══ The data ══

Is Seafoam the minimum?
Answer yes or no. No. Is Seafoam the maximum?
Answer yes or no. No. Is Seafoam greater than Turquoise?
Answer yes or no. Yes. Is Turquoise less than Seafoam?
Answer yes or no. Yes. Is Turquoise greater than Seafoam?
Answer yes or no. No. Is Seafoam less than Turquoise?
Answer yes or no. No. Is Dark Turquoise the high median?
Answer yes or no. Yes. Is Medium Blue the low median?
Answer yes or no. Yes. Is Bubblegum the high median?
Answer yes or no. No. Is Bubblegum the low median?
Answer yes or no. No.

═══

- [What to produce]
Reproduce every line of the data without changing a word.

- [Written response]
Is Seafoam the minimum?
Answer yes or no. No. Is Seafoam the maximum?
Answer yes or no. No. Is Seafoam greater than Turquoise?
Answer yes or no. Yes. Is Turquoise less than Seafoam?
Answer yes or no. Yes. Is Turquoise greater than Seafoam?
Answer yes or no. No. Is Seafoam less than Turquoise?
Answer yes or no. No. Is Dark Turquoise the high median?
Answer yes or no. Yes. Is Medium Blue the low median?
Answer yes or no. Yes. Is Bubblegum the high median?
Answer yes or no. No. Is Bubblegum the low median?
Answer yes or no. No.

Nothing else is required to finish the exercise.